Finn Brooks: Hey — before we get into it, genuinely, I need to confess something: I almost didn't flag this story because the number seemed too small to be interesting.
Clara Bennett: Eleven meters.
Finn Brooks: Eleven meters! JAXA's RV-X — July 11th, Noshiro Rocket Testing Center in Akita Prefecture — goes up eleven meters, moves sixteen meters horizontally, lands. Done. Project manager Takashi Ito confirms in an online briefing it flew exactly as planned. And I'm like — is this news? But then I kept reading and the gap between what happened and how it was described started bothering me.
Clara Bennett: The 'direct challenge to SpaceX' framing.

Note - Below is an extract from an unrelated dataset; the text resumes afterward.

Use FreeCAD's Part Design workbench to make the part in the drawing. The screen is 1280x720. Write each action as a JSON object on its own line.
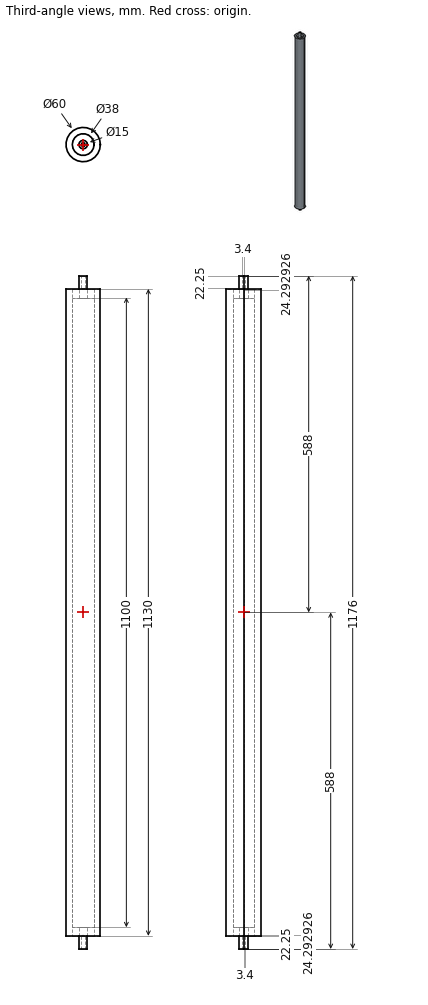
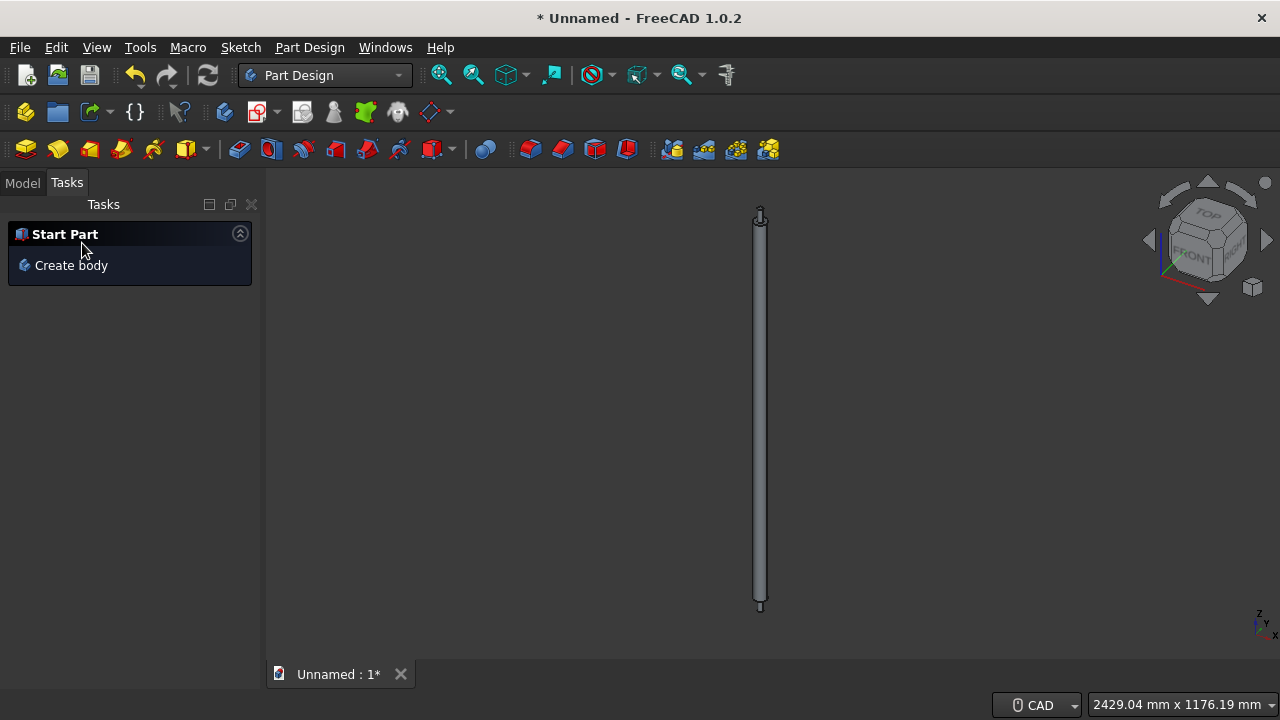
{"action": "left_click", "coordinate": [258, 112]}

Finn Brooks: Because the Falcon 9 — routinely landing and reflying orbital-class boosters since 2015, roughly a hundred and fifty missions per year — that's the benchmark. And we're drawing a line between that and an eleven-meter hop and calling them comparable? I mean — I want to defend the hop, actually, I think something real happened. But I can't get there with that framing.
Clara Bennett: The key is separating the engineering result from the competitive narrative. NVS — the fan group that livestreamed it — gave anyone watching raw footage of a four-legged, seven-point-three-meter vehicle doing a very precise, very controlled maneuver. That part is real. What gets layered on top is where the trouble starts.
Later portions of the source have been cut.